Each entry should be set down again verbatim, with the images omitted.

Stored data:
======
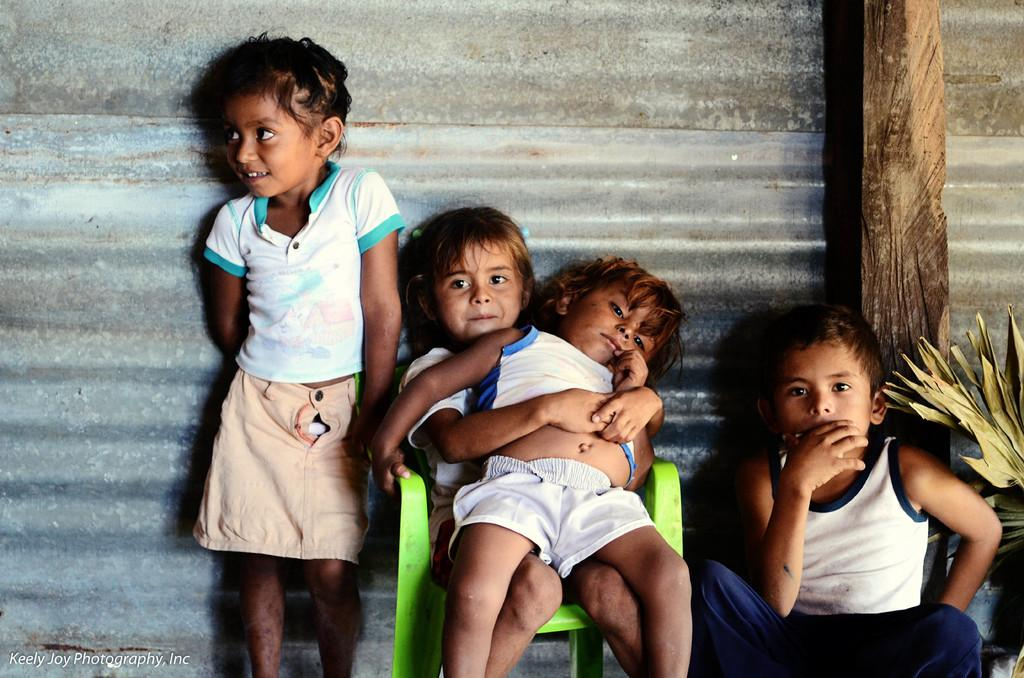How many kids are present in the image? There are four kids in the image. What are two of the kids doing in the image? Two of the kids are sitting on chairs. What can be seen in the background of the image? There is a metal sheet visible in the background of the image. What type of oven can be seen in the image? There is no oven present in the image. Can you tell me how many items are being sold at the market in the image? There is no market present in the image. 
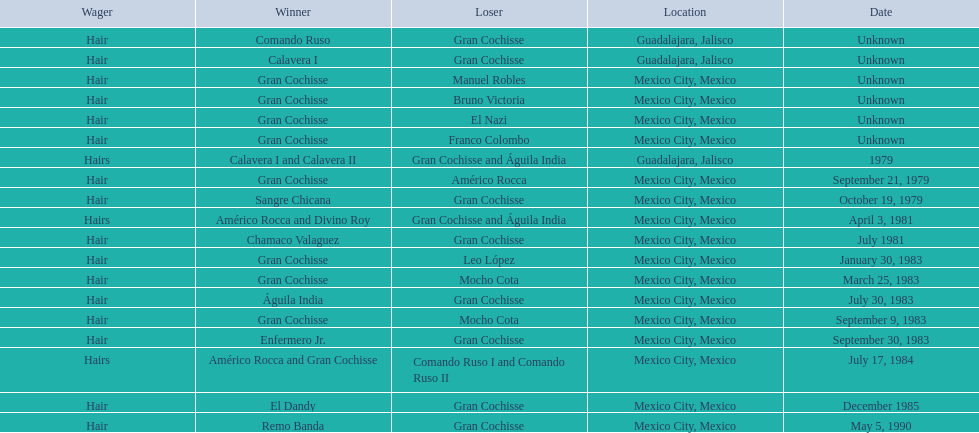How many times has gran cochisse been a winner? 9. 
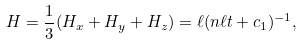<formula> <loc_0><loc_0><loc_500><loc_500>H = \frac { 1 } { 3 } ( H _ { x } + H _ { y } + H _ { z } ) = \ell ( n \ell t + c _ { 1 } ) ^ { - 1 } ,</formula> 
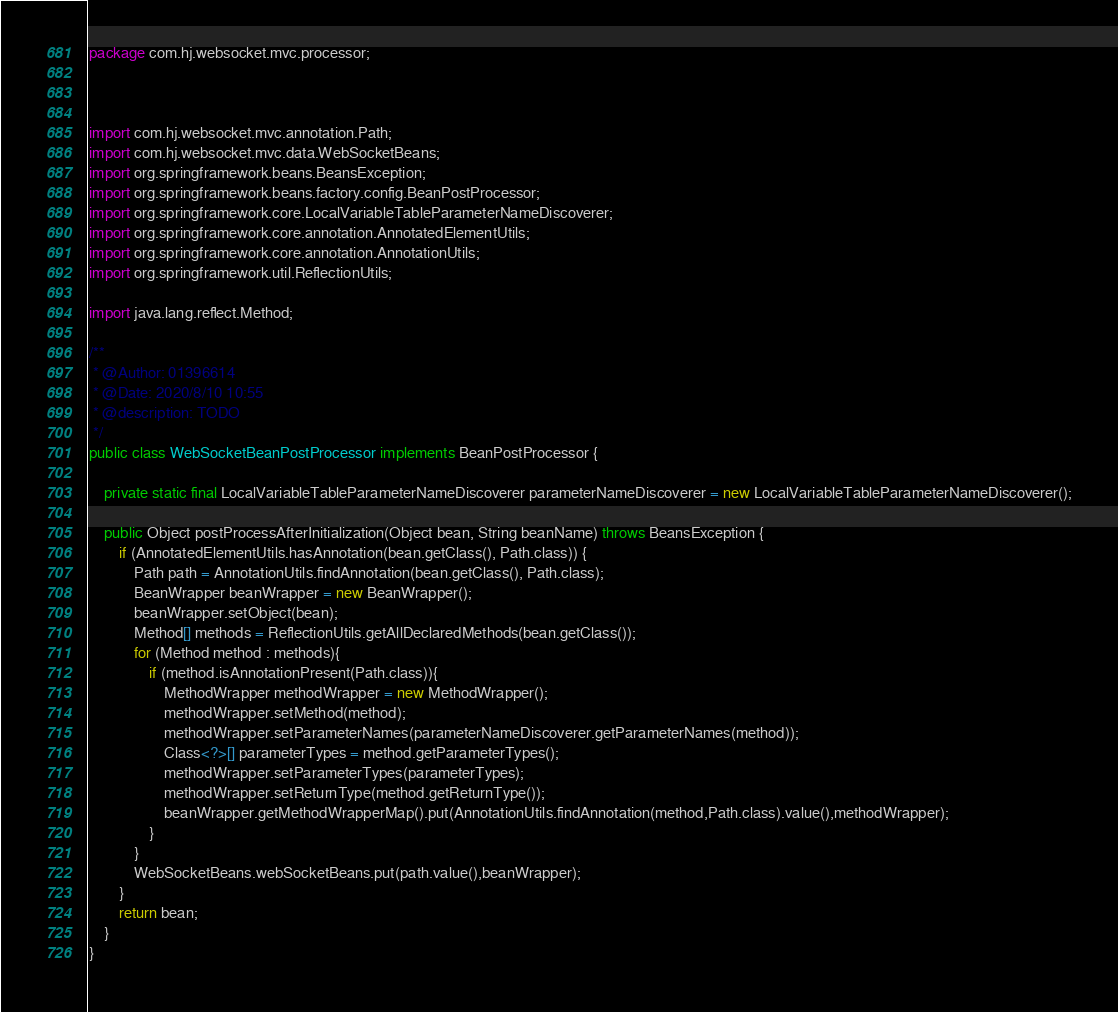Convert code to text. <code><loc_0><loc_0><loc_500><loc_500><_Java_>package com.hj.websocket.mvc.processor;



import com.hj.websocket.mvc.annotation.Path;
import com.hj.websocket.mvc.data.WebSocketBeans;
import org.springframework.beans.BeansException;
import org.springframework.beans.factory.config.BeanPostProcessor;
import org.springframework.core.LocalVariableTableParameterNameDiscoverer;
import org.springframework.core.annotation.AnnotatedElementUtils;
import org.springframework.core.annotation.AnnotationUtils;
import org.springframework.util.ReflectionUtils;

import java.lang.reflect.Method;

/**
 * @Author: 01396614
 * @Date: 2020/8/10 10:55
 * @description: TODO
 */
public class WebSocketBeanPostProcessor implements BeanPostProcessor {

    private static final LocalVariableTableParameterNameDiscoverer parameterNameDiscoverer = new LocalVariableTableParameterNameDiscoverer();

    public Object postProcessAfterInitialization(Object bean, String beanName) throws BeansException {
        if (AnnotatedElementUtils.hasAnnotation(bean.getClass(), Path.class)) {
            Path path = AnnotationUtils.findAnnotation(bean.getClass(), Path.class);
            BeanWrapper beanWrapper = new BeanWrapper();
            beanWrapper.setObject(bean);
            Method[] methods = ReflectionUtils.getAllDeclaredMethods(bean.getClass());
            for (Method method : methods){
                if (method.isAnnotationPresent(Path.class)){
                    MethodWrapper methodWrapper = new MethodWrapper();
                    methodWrapper.setMethod(method);
                    methodWrapper.setParameterNames(parameterNameDiscoverer.getParameterNames(method));
                    Class<?>[] parameterTypes = method.getParameterTypes();
                    methodWrapper.setParameterTypes(parameterTypes);
                    methodWrapper.setReturnType(method.getReturnType());
                    beanWrapper.getMethodWrapperMap().put(AnnotationUtils.findAnnotation(method,Path.class).value(),methodWrapper);
                }
            }
            WebSocketBeans.webSocketBeans.put(path.value(),beanWrapper);
        }
        return bean;
    }
}</code> 
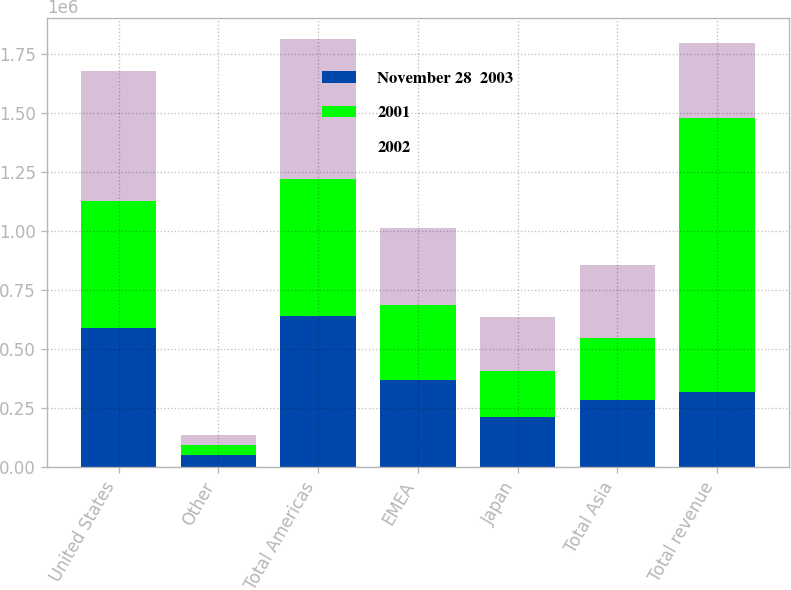Convert chart. <chart><loc_0><loc_0><loc_500><loc_500><stacked_bar_chart><ecel><fcel>United States<fcel>Other<fcel>Total Americas<fcel>EMEA<fcel>Japan<fcel>Total Asia<fcel>Total revenue<nl><fcel>November 28  2003<fcel>588631<fcel>51551<fcel>640182<fcel>370181<fcel>212505<fcel>284386<fcel>317638<nl><fcel>2001<fcel>541578<fcel>42176<fcel>583754<fcel>317638<fcel>195457<fcel>263396<fcel>1.16479e+06<nl><fcel>2002<fcel>547630<fcel>43878<fcel>591508<fcel>326499<fcel>228744<fcel>311713<fcel>317638<nl></chart> 
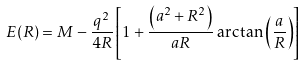Convert formula to latex. <formula><loc_0><loc_0><loc_500><loc_500>E ( R ) = M - \frac { q ^ { 2 } } { 4 R } \left [ 1 + \frac { \left ( a ^ { 2 } + R ^ { 2 } \right ) } { a R } \arctan \left ( \frac { a } { R } \right ) \right ]</formula> 
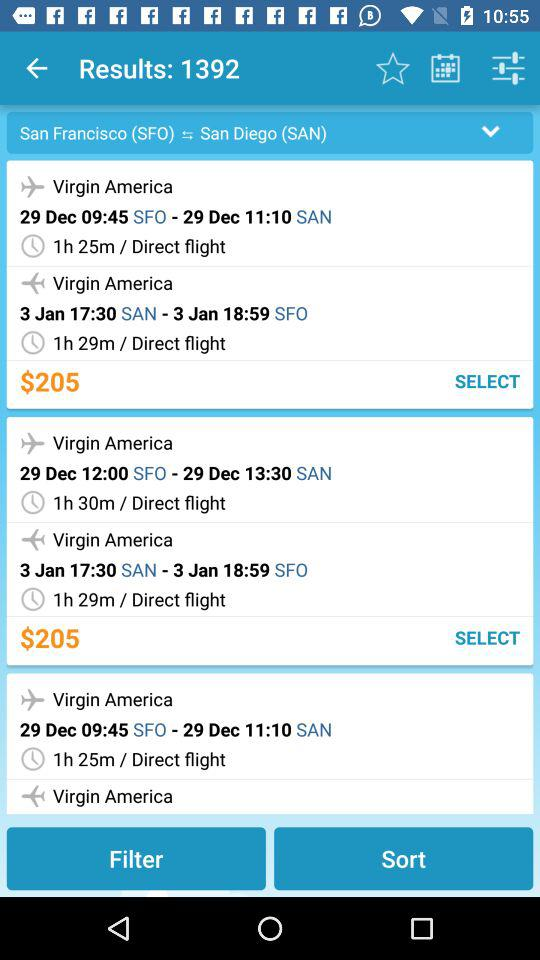How many results are shown there? There are 1392 results shown.
======
Problem solution:
How many kids are present in the image? There are four kids in the image. What are two of the kids doing in the image? Two of the kids are sitting on chairs. What can be seen in the background of the image? There is a metal sheet visible in the background of the image. What type of oven can be seen in the image? There is no oven present in the image. Can you tell me how many items are being sold at the market in the image? There is no market present in the image. 
How many times has gran cochisse been a winner? 9. 
<formula> <loc_0><loc_0><loc_500><loc_500>H = \frac { 1 } { 3 } ( H _ { x } + H _ { y } + H _ { z } ) = \ell ( n \ell t + c _ { 1 } ) ^ { - 1 } ,</formula> 
Convert code to text. <code><loc_0><loc_0><loc_500><loc_500><_Java_>package com.hj.websocket.mvc.processor;



import com.hj.websocket.mvc.annotation.Path;
import com.hj.websocket.mvc.data.WebSocketBeans;
import org.springframework.beans.BeansException;
import org.springframework.beans.factory.config.BeanPostProcessor;
import org.springframework.core.LocalVariableTableParameterNameDiscoverer;
import org.springframework.core.annotation.AnnotatedElementUtils;
import org.springframework.core.annotation.AnnotationUtils;
import org.springframework.util.ReflectionUtils;

import java.lang.reflect.Method;

/**
 * @Author: 01396614
 * @Date: 2020/8/10 10:55
 * @description: TODO
 */
public class WebSocketBeanPostProcessor implements BeanPostProcessor {

    private static final LocalVariableTableParameterNameDiscoverer parameterNameDiscoverer = new LocalVariableTableParameterNameDiscoverer();

    public Object postProcessAfterInitialization(Object bean, String beanName) throws BeansException {
        if (AnnotatedElementUtils.hasAnnotation(bean.getClass(), Path.class)) {
            Path path = AnnotationUtils.findAnnotation(bean.getClass(), Path.class);
            BeanWrapper beanWrapper = new BeanWrapper();
            beanWrapper.setObject(bean);
            Method[] methods = ReflectionUtils.getAllDeclaredMethods(bean.getClass());
            for (Method method : methods){
                if (method.isAnnotationPresent(Path.class)){
                    MethodWrapper methodWrapper = new MethodWrapper();
                    methodWrapper.setMethod(method);
                    methodWrapper.setParameterNames(parameterNameDiscoverer.getParameterNames(method));
                    Class<?>[] parameterTypes = method.getParameterTypes();
                    methodWrapper.setParameterTypes(parameterTypes);
                    methodWrapper.setReturnType(method.getReturnType());
                    beanWrapper.getMethodWrapperMap().put(AnnotationUtils.findAnnotation(method,Path.class).value(),methodWrapper);
                }
            }
            WebSocketBeans.webSocketBeans.put(path.value(),beanWrapper);
        }
        return bean;
    }
}</code> 
Convert chart. <chart><loc_0><loc_0><loc_500><loc_500><stacked_bar_chart><ecel><fcel>United States<fcel>Other<fcel>Total Americas<fcel>EMEA<fcel>Japan<fcel>Total Asia<fcel>Total revenue<nl><fcel>November 28  2003<fcel>588631<fcel>51551<fcel>640182<fcel>370181<fcel>212505<fcel>284386<fcel>317638<nl><fcel>2001<fcel>541578<fcel>42176<fcel>583754<fcel>317638<fcel>195457<fcel>263396<fcel>1.16479e+06<nl><fcel>2002<fcel>547630<fcel>43878<fcel>591508<fcel>326499<fcel>228744<fcel>311713<fcel>317638<nl></chart> 
Convert formula to latex. <formula><loc_0><loc_0><loc_500><loc_500>E ( R ) = M - \frac { q ^ { 2 } } { 4 R } \left [ 1 + \frac { \left ( a ^ { 2 } + R ^ { 2 } \right ) } { a R } \arctan \left ( \frac { a } { R } \right ) \right ]</formula> 
How many results are shown there? There are 1392 results shown.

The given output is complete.